The Brute Force Approach
You know how it goes... The copier's broken. You've tried everything you can think of to fix it, but nothing's working. What's your gut instinct? Kick the thing! Office Space it! (If that's not what came to mind, you are lying to yourself. Quit being so self-righteous!) When intellect fails, bring on the brute force.
I've talked about Quinn's reflux in previous posts. It started out in early August and has gotten progressively worse. She's still not a spitter, but the heartburn it causes her is no joke. Almost every day from about 11-5 Quinn screams. It's one big game of screaming broken up by one or two short naps and a handful of distractions. We've tried so much, stuff for the reflux and anything else it could be, and nothing seems to work. Thickening bottles, Zantac, Prevacid, Levsin, Mylicon, sitting up for 30 minutes after feedings, I've stopped eating obvious dairy... We've taken everything a week at a time--gave it a chance to work. It's the logical thing to do. If we changed too many things at a time we wouldn't know what worked. I know the answer now - none of that did. She's still screaming and crying almost daily. It breaks my heart to watch, and I can only imagine how she feels.
I've had it. Today, after (another) appointment with her doctor, Nathan and I decided on a new path. Screw logic. Bring on the brute force. Now, to be clear, I am not planning on kicking my child. That would be mean. But I'm tired of taking it one thing at a time and watching her suffer while we try to make a lucky guess. I'm done with it. So, I'm still not eating obvious dairy, we are doubling (and possibly QUADRUPLING) the amount of rice cereal in her bottle, we are doubling her dose of Prevacid, and giving tylenol for pain if her fits continue to get bad. I don't care if I don't know exactly what worked right now, I just want it to work. We're throwing everything we've got at it. We can back stuff off later to see what causes a change in behavior and isolate what works that way. No need for her to suffer. And the ped gave us 2 cans of Alimentum to throw into the mix if none of that works. We'll find a way to make her feel better.
My kids are kind of reflux freaks. One of the easier ways to pinpoint reflux in a baby is poor weight gain. Not my kids. 95% or better for weight. Quinn weighed 16lbs 3oz today. She's not hurting for pounds, that's for sure. I am very thankful for that. I don't know if I could handle it if it was more than pain. 3, 4, 5 hours a day of screaming is hard enough. Trust me, I've spent enough time curled up on the floor next to her crying right along with her.
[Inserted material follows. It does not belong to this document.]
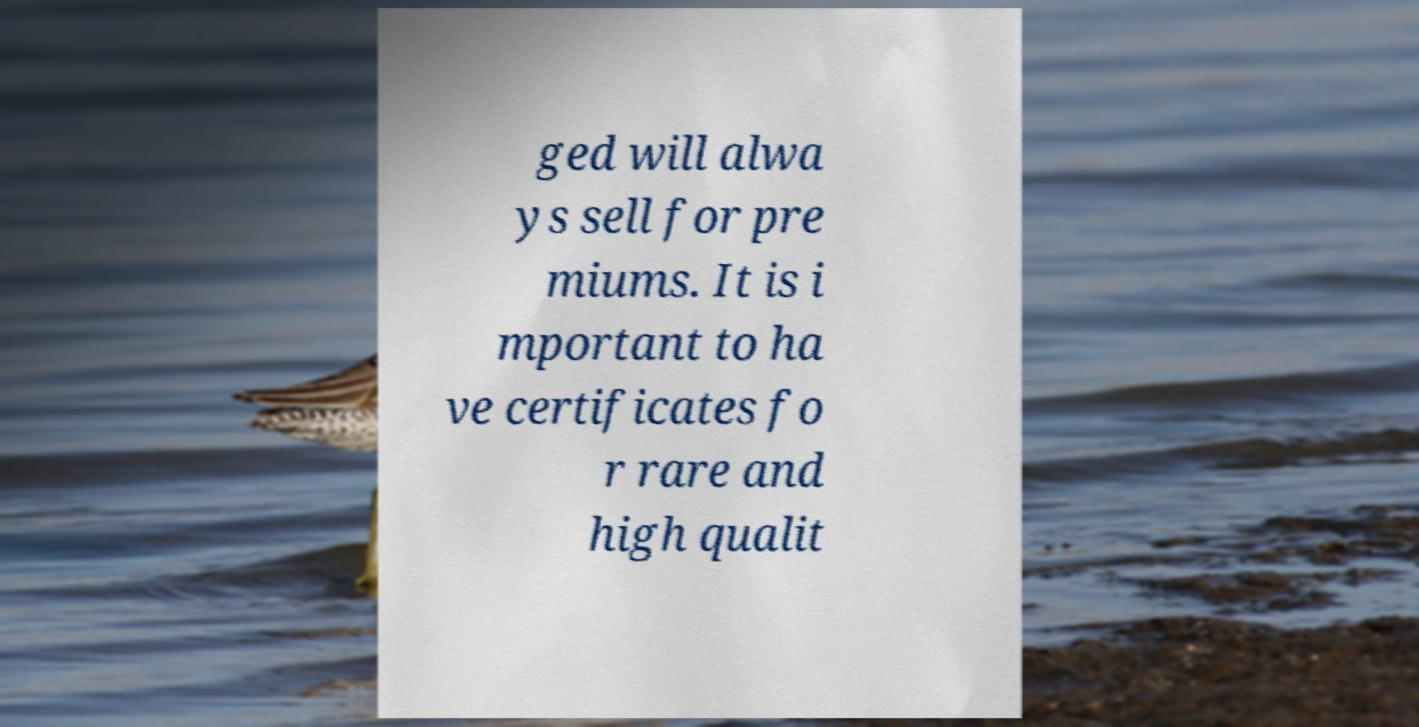Could you extract and type out the text from this image? ged will alwa ys sell for pre miums. It is i mportant to ha ve certificates fo r rare and high qualit

I actually looked in Rory's baby book today and Quinn is following her growth curve almost exactly. Of course, that's about where the similarities end (so far). Rory was the restless one. She started rolling back to belly before she turned three months old and was rolling both ways before she turned four months. She was up on all fours by 5 months, crawling and pulling up at 7 months and walking at 10 months. She hated sitting still. Still does. Quinn could care less. She turned 4 months old today and finally got up the gusto to roll *most* of the way over (back to belly). Silly kid.
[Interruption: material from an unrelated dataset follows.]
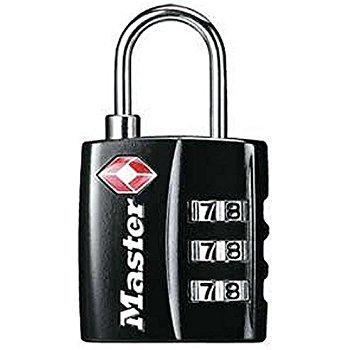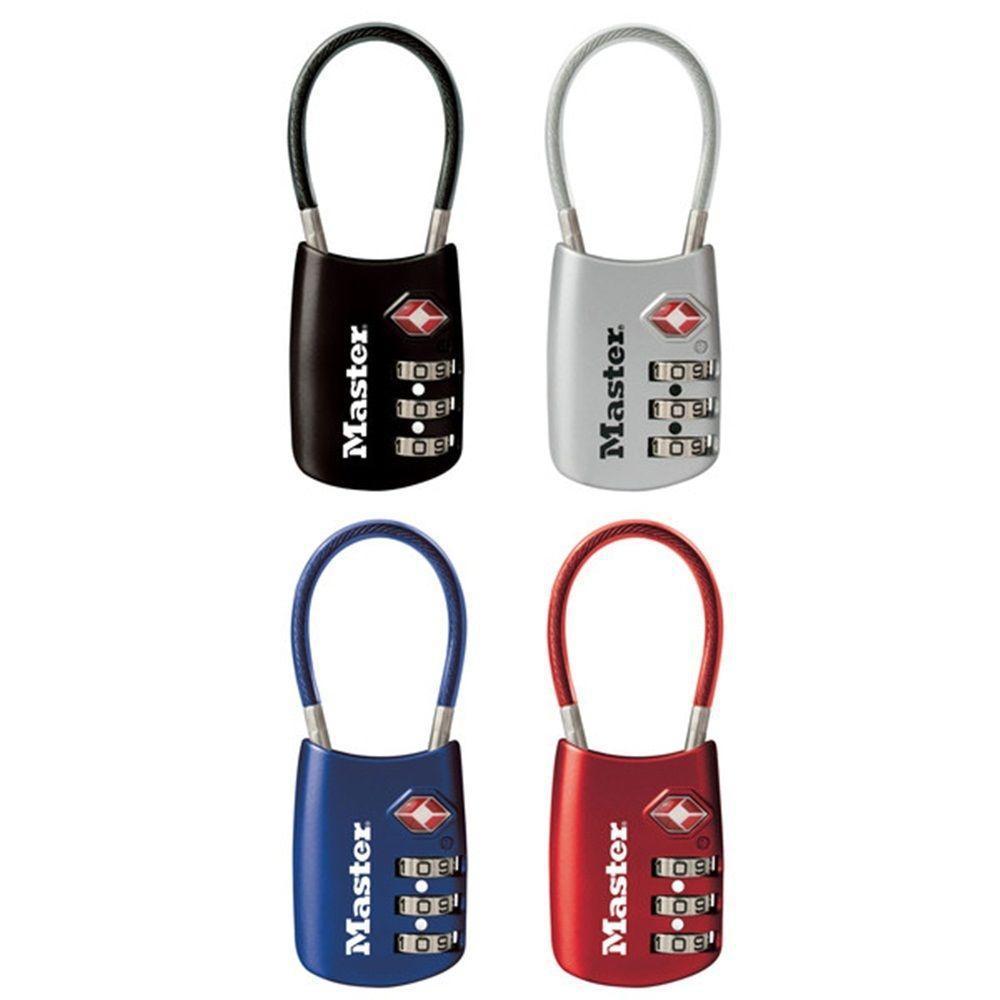The first image is the image on the left, the second image is the image on the right. Considering the images on both sides, is "All locks have a loop on the top and exactly three rows of number belts on the front of the lock." valid? Answer yes or no. Yes. The first image is the image on the left, the second image is the image on the right. Considering the images on both sides, is "An image features exactly one combination lock, which is black." valid? Answer yes or no. Yes.

Wow. It got late and I wrote a lot. But I'll end with two last thoughts:
1) Soy milk is disgusting.
2) I'd kill for some cheese right now.
Katie, I am so sorry that you are having to deal with this.:-(
I don't have any suggestions since I have not directly dealt with this in caring for a baby. I am Lactose Intolerant and was as a toddler, though. They didn't make lactose free milk then so I had to drink soy and I drank it on up until I was in high school. I learned how to make my formula when I was in 4th-5th grade. It was not bad with Nestle Quik. I guess I just got used to it. I know I am a nerd. I love Silk Soy Chocolate milk though, it is great!
Hope things get better for you and for Quinn...sounds like you and Nathan have a course of action in place. Best wishes and miss you.
Katie,
I avoided formula for soooo long and Jonah was in sooo much pain... four and a half months of it to be exact. After we started the Alimentum, and he wasn't in pain anymore, all I could think was, "Why didn't I do this sooner?" Yes, he PUKES, GUSHES, like three (or more) times a day, but he doesn't HURT anymore. Don't push yourself to the edge (or jump off if you happen to be there already). You could just keep pumping and try the Alimentum for a day (TODAY), and see if it helps. I KNOW how you're feeling (and can imagine how she is), and it's just not worth it. I love you. Don't beat yourself up if you can't do breast milk anymore. You've given her four months of the good. Now give yourself a break.
Channeling your most favoritist actor in the whole world (Owen Wilson, if that wasn't obvious enough): Doit. Doit. Doit.
Oh wait. Maybe that was Ben Stiller's character who said that. Oh well. You get the idea.